Giorni perduti
di Billy Wilder con Ray
Milland, Jane Wyman Philip Terry , Doris Dowling,
Howard Da Silva -
USA
– 1945 – Durata
Don Birman (Roy Milland) promettente
scrittore non riesce a finire uno straccio di racconto e trascorre le giornate a
bere come una spugna. Helen (Jane Wyman) la sua fidanzata e suo fratello Wick
(Philip Terry) provano a convincerlo a partire con loro per un week end ma lui
declina il loro invito e non vede l’ora di rimanere da solo in casa
per scolarsi un paio di bottiglie. Senza più il becco di un quattrino Don
riesce a scovare dei soldi destinati alla paga settimanale della cameriera e va
nel bar di Nat (Howard Da Silva) un barista paterno e comprensivo. Dopo aver
raccattato qualche spicciolo in casa va nel bar di Nat (Howard Da Silva) ed
inizia a bere un whisky dietro l’altro. Per rifare il pieno, elemosina qualche
dollaro a Gloria (Doris Dowling) una prostituta, segretamente innamorata di lui
e, successivamente impegna la sua macchina da scrivere. Il suo cervello va in
panne ed è ricoverato in ospedale. Deluso e senza speranze, Don ritorna a casa e
decide di farla finita ma sopraggiunge Helen che lo dissuade. Nel finale
consolatorio, Don si lascia alle spalle i demoni dell’alcol, ritrova la fiducia
in se stesso e riprende a scrivere.
Wyler traspone sullo schermo il romanzo
di Charles Reginald Jackson e, come recita il titolo originale, ambienta la
vicenda nell’arco di un weekend. Sin dalle prime battute Don è mostrato come un
uomo, solo e disperato che cerca di affogare la propria disperazione nell’alcol.

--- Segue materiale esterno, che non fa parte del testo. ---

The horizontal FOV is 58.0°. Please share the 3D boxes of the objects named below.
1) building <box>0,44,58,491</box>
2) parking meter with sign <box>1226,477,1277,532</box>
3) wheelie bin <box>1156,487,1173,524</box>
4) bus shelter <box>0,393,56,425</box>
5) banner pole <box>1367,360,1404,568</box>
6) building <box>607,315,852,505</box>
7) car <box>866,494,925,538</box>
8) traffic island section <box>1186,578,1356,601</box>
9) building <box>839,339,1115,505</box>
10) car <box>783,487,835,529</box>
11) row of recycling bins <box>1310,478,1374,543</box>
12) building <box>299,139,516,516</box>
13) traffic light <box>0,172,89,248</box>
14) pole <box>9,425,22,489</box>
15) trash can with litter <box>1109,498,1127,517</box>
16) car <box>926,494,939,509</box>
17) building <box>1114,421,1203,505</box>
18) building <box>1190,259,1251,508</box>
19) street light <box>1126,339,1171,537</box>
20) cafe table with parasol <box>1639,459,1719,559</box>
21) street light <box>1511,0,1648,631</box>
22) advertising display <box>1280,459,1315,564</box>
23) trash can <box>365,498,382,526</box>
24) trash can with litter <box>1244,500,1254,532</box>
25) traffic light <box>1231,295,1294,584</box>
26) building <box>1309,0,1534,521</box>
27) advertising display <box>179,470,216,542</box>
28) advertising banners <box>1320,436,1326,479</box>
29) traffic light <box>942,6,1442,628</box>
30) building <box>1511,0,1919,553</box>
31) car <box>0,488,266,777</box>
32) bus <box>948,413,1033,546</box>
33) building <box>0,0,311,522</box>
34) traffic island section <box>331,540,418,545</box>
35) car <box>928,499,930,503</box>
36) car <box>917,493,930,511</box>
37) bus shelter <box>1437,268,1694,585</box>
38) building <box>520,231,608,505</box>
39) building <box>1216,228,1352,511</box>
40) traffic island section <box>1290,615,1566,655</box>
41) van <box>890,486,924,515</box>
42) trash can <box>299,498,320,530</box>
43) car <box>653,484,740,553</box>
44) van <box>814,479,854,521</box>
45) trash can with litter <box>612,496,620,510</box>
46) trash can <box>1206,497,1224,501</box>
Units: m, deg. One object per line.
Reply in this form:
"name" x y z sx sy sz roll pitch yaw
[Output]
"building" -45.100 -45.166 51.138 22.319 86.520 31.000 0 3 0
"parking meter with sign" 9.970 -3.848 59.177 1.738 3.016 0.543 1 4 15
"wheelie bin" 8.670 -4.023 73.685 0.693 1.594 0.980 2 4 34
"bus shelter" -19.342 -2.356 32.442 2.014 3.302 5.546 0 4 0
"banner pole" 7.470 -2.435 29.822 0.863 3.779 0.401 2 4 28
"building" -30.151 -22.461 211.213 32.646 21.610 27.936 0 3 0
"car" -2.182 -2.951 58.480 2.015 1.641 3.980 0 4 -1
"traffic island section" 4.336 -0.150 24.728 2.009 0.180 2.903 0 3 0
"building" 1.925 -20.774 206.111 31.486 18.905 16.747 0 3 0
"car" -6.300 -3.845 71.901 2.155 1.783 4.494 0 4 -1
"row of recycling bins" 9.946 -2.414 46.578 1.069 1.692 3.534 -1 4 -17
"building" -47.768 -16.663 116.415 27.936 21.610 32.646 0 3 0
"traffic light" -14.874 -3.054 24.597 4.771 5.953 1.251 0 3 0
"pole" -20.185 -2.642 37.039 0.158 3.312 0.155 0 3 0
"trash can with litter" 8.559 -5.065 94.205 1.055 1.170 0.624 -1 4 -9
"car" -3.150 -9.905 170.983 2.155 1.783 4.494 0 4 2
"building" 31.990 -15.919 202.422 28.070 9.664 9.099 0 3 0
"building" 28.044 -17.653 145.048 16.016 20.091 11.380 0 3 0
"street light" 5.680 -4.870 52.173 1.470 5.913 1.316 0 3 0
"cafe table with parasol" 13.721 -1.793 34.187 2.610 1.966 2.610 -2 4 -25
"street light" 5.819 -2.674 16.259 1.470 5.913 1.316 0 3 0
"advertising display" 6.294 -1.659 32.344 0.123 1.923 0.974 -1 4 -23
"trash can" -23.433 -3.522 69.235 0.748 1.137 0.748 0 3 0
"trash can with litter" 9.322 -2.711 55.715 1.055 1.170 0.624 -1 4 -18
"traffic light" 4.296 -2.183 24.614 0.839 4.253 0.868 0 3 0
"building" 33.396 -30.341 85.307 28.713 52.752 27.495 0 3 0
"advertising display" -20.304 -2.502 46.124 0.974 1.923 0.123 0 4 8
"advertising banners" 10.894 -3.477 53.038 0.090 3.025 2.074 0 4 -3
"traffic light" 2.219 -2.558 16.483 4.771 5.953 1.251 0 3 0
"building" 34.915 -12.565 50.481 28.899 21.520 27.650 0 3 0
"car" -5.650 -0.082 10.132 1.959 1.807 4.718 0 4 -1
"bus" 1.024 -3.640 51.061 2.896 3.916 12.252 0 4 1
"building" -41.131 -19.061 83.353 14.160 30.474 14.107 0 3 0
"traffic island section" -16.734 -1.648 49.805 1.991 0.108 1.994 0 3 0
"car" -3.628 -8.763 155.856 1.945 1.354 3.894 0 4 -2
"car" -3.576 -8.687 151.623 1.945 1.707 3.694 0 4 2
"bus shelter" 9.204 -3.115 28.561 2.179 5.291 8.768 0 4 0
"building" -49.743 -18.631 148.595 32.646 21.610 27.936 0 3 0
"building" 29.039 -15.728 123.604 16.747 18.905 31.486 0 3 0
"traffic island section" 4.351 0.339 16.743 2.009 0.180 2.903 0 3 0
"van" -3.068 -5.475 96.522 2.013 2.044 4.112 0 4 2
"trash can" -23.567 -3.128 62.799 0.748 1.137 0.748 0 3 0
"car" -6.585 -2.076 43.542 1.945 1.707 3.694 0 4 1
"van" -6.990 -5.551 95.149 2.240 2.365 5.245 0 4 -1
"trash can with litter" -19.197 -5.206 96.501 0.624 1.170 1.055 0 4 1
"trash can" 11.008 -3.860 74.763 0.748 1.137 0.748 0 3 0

Né l’amore di Helen, né le discrete attenzioni di Gloria riescono a distoglierlo
dal suo progetto autodistruttivo e per tutto il film è alla disperata ricerca di
soldi per poter comprare qualche bottiglia da scolare. I dialoghi sono molto
curati ed al fido Nat, Don confessa:“Bere scarica la mia zavorra e il mio
spirito si libra in volo. Sono al di sopra di tutto.
Mi sento bravo, molto bravo. Cammino sulla fune sopra le cascate del
Niagara. Mi sento un grande uomo. Sono Michelangelo che modella la barba di
Mosè, Raffaello che dipinge Dio…Giulio Cesare e Napoleone insieme. Io sono
Shakespeare. E qui fuori non c’è la terza strada ma c’è il Nilo e sulle sue
acque azzurre naviga la barca di Cleopatra….”
E quando Nat gli chiede
perché beve al mattino, si sente
rispondere: “Parli come un
bambino. Non si tronca così. Quando si è nel carosello bisogna fare tutto il
giro, girare, girare, finché la musica diventa più lenta, poi si sfiata e
all’improvviso si ferma. Bisogna fare tutto il giro.

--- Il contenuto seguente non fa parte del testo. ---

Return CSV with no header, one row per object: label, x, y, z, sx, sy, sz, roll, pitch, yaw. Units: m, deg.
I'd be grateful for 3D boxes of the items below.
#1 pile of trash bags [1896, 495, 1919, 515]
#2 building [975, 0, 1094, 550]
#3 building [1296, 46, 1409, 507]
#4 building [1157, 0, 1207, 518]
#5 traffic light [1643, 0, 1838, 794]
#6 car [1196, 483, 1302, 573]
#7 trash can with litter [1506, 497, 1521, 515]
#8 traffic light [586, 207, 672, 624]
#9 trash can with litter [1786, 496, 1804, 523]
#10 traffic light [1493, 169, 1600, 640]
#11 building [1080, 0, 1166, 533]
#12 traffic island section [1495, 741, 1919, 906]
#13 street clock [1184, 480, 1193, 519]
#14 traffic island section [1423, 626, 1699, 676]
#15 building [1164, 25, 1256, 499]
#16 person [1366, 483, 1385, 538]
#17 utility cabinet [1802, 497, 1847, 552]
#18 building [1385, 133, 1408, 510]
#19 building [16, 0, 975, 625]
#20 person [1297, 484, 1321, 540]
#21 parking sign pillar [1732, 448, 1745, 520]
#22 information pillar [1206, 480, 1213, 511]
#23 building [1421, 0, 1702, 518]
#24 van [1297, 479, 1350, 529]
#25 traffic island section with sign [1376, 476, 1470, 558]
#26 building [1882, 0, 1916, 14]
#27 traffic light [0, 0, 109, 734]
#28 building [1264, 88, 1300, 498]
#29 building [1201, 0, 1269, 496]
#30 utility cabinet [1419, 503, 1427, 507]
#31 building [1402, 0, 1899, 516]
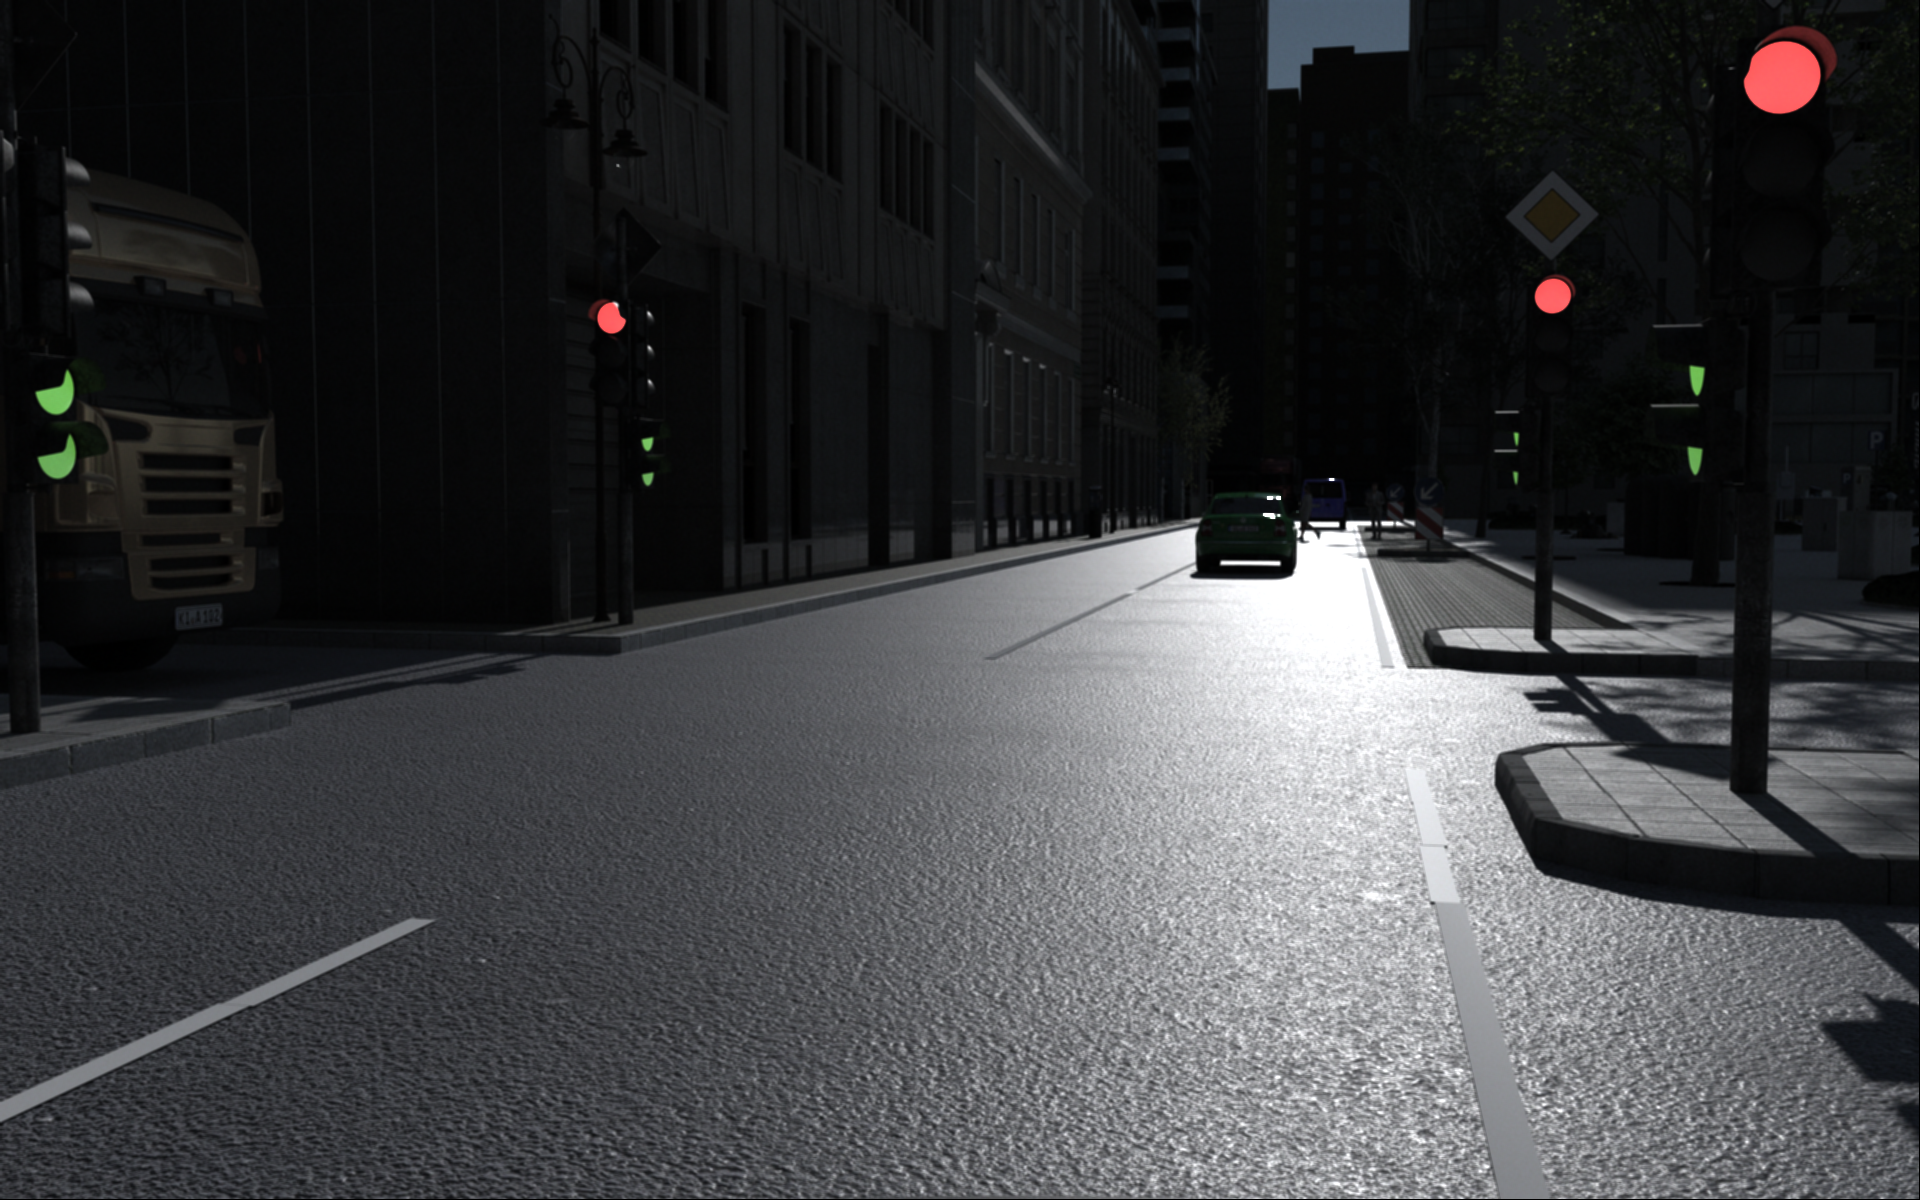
pile of trash bags,41.937,-4.115,77.033,3.447,1.369,1.912,2,4,26
building,-4.196,-15.958,46.821,13.634,28.700,20.117,1,4,12
building,41.857,-32.183,176.294,14.200,45.320,14.600,1,4,12
building,4.646,-48.540,106.294,22.319,86.520,31.000,1,4,12
traffic light,3.387,-1.128,7.369,0.839,4.253,0.868,1,4,12
car,5.520,-1.484,33.057,1.959,1.807,4.718,1,4,12
trash can with litter,22.882,-3.658,71.203,0.624,1.170,1.055,0,4,-4
traffic light,-3.289,-1.718,17.011,0.839,4.253,0.868,1,4,12
trash can with litter,37.894,-4.064,77.507,1.678,1.210,2.233,-2,4,-35
traffic light,5.121,-1.605,15.164,0.839,4.253,0.868,1,4,12
building,1.951,-13.246,65.726,9.793,20.994,18.267,1,4,12
traffic island section,3.424,0.906,7.474,2.009,0.180,2.903,1,4,12
street clock,11.510,-5.077,87.587,0.471,2.002,0.358,-2,4,-34
traffic island section,5.158,0.429,15.270,2.009,0.180,2.903,1,4,12
building,6.719,-27.124,135.361,32.217,40.220,23.993,1,4,12
person,13.385,-2.887,55.902,0.606,1.804,0.583,1,4,20
utility cabinet,19.471,-1.705,39.047,0.306,1.237,1.020,-1,4,-16
building,41.790,-22.533,140.123,14.160,30.474,14.107,1,4,12
building,-7.704,-12.796,27.244,12.078,24.808,19.932,1,4,12
person,10.777,-2.714,53.625,0.760,1.731,0.466,0,4,6
parking sign pillar,27.363,-4.462,61.426,1.447,3.967,1.447,-1,4,-23
information pillar,12.810,-5.168,88.991,0.304,2.012,0.304,0,4,6
building,33.335,-19.999,98.689,14.160,30.474,14.107,1,4,12
van,15.405,-4.221,73.395,2.240,2.365,5.245,1,4,12
traffic island section with sign,10.626,-1.905,39.783,1.989,1.847,2.006,1,4,12
building,68.676,-29.925,143.903,28.867,44.769,22.147,1,4,12
traffic light,-5.023,-1.241,9.216,0.839,4.253,0.868,1,4,12
building,28.038,-30.326,179.420,14.086,41.232,14.154,1,4,12
building,16.787,-43.871,155.535,20.611,71.187,20.563,1,4,12
utility cabinet,19.663,-3.967,73.547,0.318,1.500,1.173,1,4,13
building,44.441,-32.268,116.816,28.713,52.752,27.495,1,4,12

E’ proprio al mattino che se ne ha bisogno. Di notte fa piacere bere. Di
mattina è una medicina,”
Il film si apre emblematicamente con una
bottiglia che penzola dalla finestra e sottolinea come Don, pressato dal
fratello e dalla fidanzata, per non farsi scoprire aveva nascosto in casa qua e
là delle bottiglie. Con maestria Wilder ci mostra come il protagonista, con la
mente sempre più annebbiata, si affanni a ricordare dove ha occultato le sue
scorte.
Wilder non lesina qualche piccolo
intervento dal sapore moralistico e lascia che l’infermiere della clinica dove
Don è ricoverato lo metta in guardia sugli attacchi di delirium che assaliranno
di notte gli altri pazienti: “Più tardi
ci sarà spettacolo…Potrebbe darle ai nervi. Avete delirio la notte? Lo avrete,
facciamo una scommessa? Siete ancora un novizio. Aspettate a secondo anno e
vedrete se non verrà il delirium tremens. Si vedono piccoli animali, minuscoli
tacchini con una paglietta in testa; scimmie nane che entrano dalle serrature.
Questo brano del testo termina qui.